[[ Material provided, beginning ]]

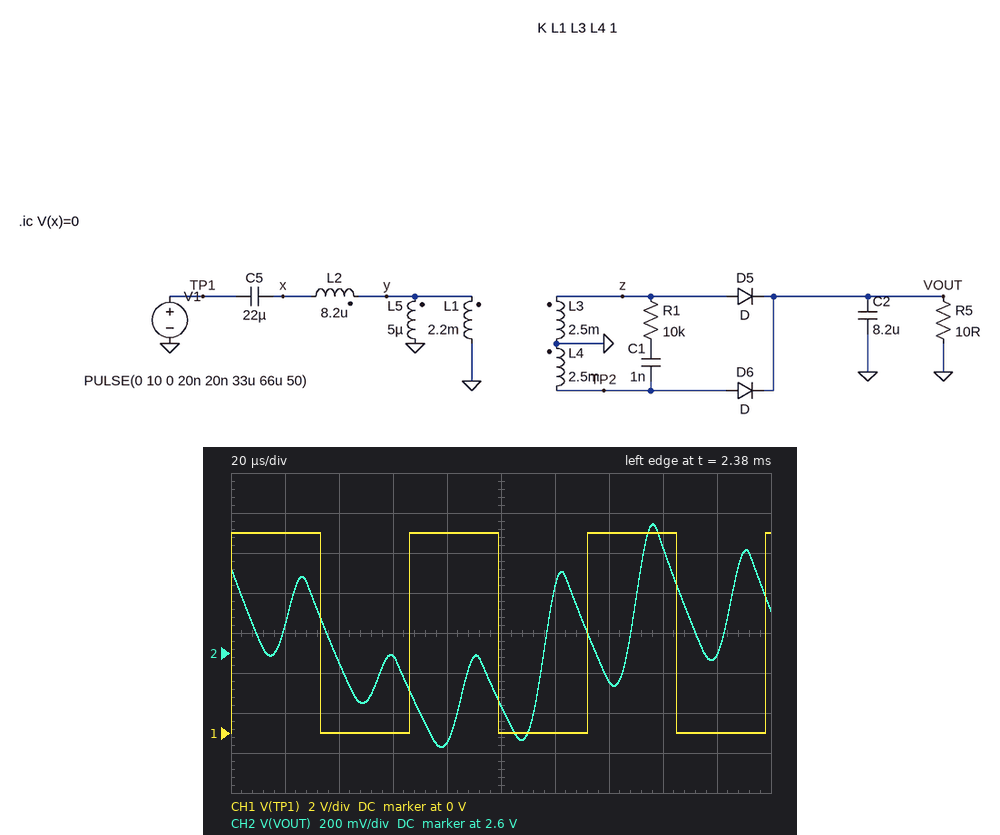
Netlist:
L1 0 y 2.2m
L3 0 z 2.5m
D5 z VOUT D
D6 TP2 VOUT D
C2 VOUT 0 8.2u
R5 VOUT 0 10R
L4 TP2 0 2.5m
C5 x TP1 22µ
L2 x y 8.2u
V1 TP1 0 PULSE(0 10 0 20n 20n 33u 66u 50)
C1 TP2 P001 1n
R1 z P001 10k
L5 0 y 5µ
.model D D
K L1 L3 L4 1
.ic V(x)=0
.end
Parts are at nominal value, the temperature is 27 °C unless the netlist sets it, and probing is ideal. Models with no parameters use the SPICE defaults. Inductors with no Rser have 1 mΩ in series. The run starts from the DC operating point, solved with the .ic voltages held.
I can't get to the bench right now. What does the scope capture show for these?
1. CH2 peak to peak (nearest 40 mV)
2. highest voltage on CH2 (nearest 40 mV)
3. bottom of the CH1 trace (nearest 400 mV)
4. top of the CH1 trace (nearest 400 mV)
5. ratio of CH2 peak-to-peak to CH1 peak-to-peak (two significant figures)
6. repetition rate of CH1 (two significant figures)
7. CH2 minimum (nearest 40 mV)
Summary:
1.12 V
3.24 V
0 V
10.0 V
0.11
15 kHz
2.12 V
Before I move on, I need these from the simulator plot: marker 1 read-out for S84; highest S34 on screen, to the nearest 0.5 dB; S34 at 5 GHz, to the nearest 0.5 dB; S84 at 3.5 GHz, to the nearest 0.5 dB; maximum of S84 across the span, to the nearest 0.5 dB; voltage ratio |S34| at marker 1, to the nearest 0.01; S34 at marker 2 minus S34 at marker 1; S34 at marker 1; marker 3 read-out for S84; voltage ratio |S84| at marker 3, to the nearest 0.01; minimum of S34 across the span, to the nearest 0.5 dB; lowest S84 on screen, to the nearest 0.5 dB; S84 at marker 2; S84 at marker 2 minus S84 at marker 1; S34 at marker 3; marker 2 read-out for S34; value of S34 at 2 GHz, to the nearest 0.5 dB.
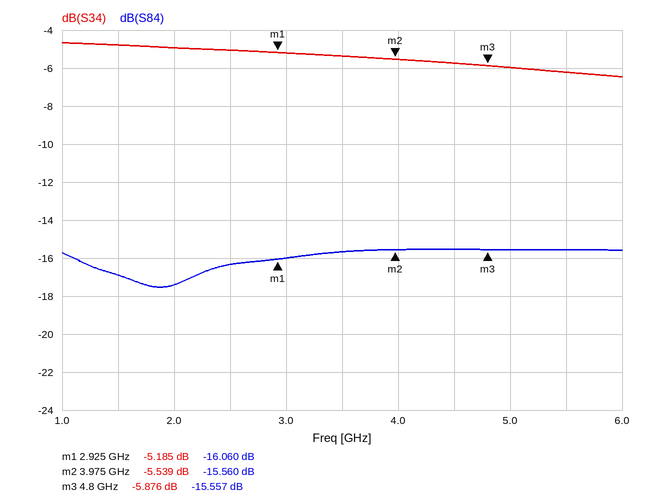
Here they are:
-16.060 dB
-4.5 dB
-6.0 dB
-15.5 dB
-15.5 dB
0.55
-0.354 dB
-5.185 dB
-15.557 dB
0.17
-6.5 dB
-17.5 dB
-15.560 dB
0.500 dB
-5.876 dB
-5.539 dB
-5.0 dB
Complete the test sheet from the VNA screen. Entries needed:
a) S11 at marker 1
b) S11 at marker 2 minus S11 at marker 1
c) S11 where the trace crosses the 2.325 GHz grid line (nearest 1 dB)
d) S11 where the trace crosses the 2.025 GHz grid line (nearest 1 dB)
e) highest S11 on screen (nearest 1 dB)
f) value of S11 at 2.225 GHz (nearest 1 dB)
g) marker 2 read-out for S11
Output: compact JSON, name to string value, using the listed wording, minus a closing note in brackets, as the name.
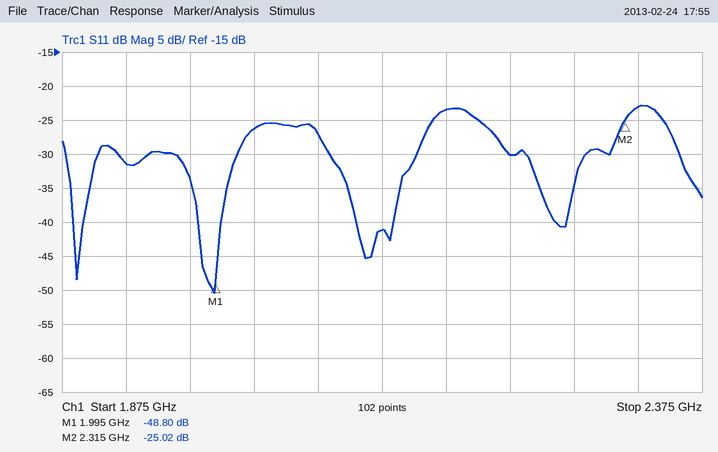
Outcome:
{"S11 at marker 1": "-48.80 dB", "S11 at marker 2 minus S11 at marker 1": "23.78 dB", "S11 where the trace crosses the 2.325 GHz grid line": "-23 dB", "S11 where the trace crosses the 2.025 GHz grid line": "-26 dB", "highest S11 on screen": "-23 dB", "value of S11 at 2.225 GHz": "-30 dB", "marker 2 read-out for S11": "-25.02 dB"}
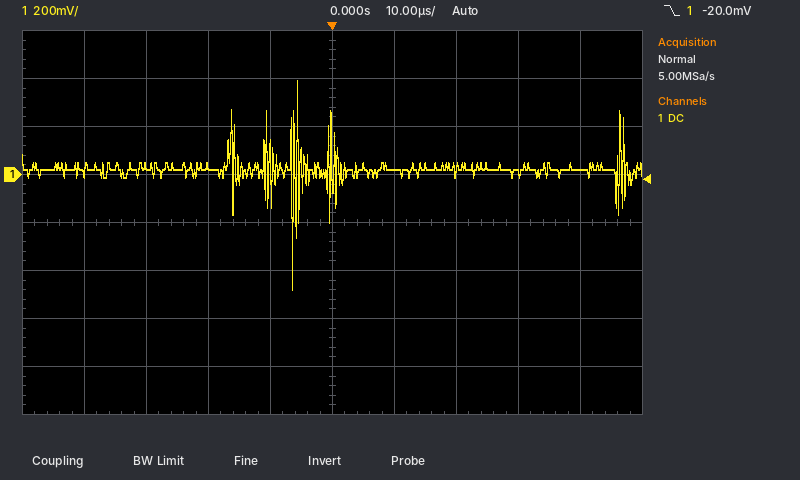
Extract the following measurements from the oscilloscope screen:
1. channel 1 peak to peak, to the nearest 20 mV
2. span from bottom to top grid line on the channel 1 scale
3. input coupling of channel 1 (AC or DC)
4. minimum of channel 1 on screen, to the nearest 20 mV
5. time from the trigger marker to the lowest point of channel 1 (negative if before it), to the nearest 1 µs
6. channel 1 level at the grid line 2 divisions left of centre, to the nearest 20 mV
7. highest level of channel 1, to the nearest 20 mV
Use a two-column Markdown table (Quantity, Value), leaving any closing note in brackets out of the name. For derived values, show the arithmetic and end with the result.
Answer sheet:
| Quantity | Value |
|---|---|
| channel 1 peak to peak, to the nearest 20 mV | 400 mV − (-480 mV) = 880 mV |
| span from bottom to top grid line on the channel 1 scale | 1.6 V |
| input coupling of channel 1 | DC |
| minimum of channel 1 on screen, to the nearest 20 mV | -480 mV |
| time from the trigger marker to the lowest point of channel 1 (negative if before it), to the nearest 1 µs | -6 µs |
| channel 1 level at the grid line 2 divisions left of centre, to the nearest 20 mV | 40 mV |
| highest level of channel 1, to the nearest 20 mV | 400 mV |
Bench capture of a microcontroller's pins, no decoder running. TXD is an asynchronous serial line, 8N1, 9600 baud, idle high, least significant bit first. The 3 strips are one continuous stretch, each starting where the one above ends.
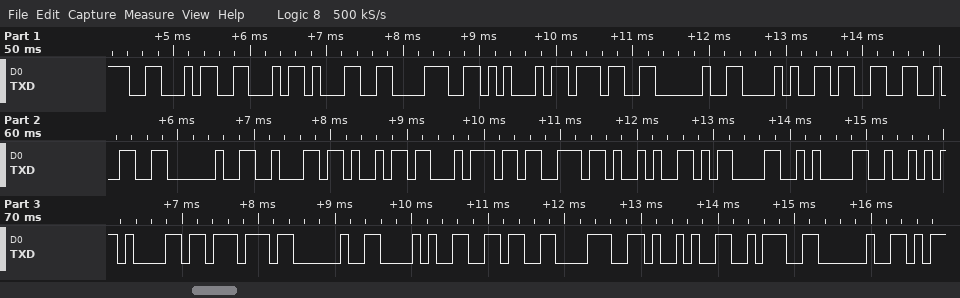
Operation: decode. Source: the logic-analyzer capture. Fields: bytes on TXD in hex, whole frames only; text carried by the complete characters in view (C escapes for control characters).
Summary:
46 46 31 38 45 37 20 28 33 32 20 62 69 74 73 29 0D 0A 52 61 77 20 28 36 38 29 3A 20
"FF18E7 (32 bits)\r\nRaw (68): "

[[ Material provided, end ]]

# [Task instructions]
Where a line of the records includes "closing", copy it.

# [Solution for this task]
Output: compact JSON, name to string value, using the listed wording, minus a closing note in brackets, as the name.
Use a two-column Markdown table (Quantity, Value), leaving any closing note in brackets out of the name. For derived values, show the arithmetic and end with the result.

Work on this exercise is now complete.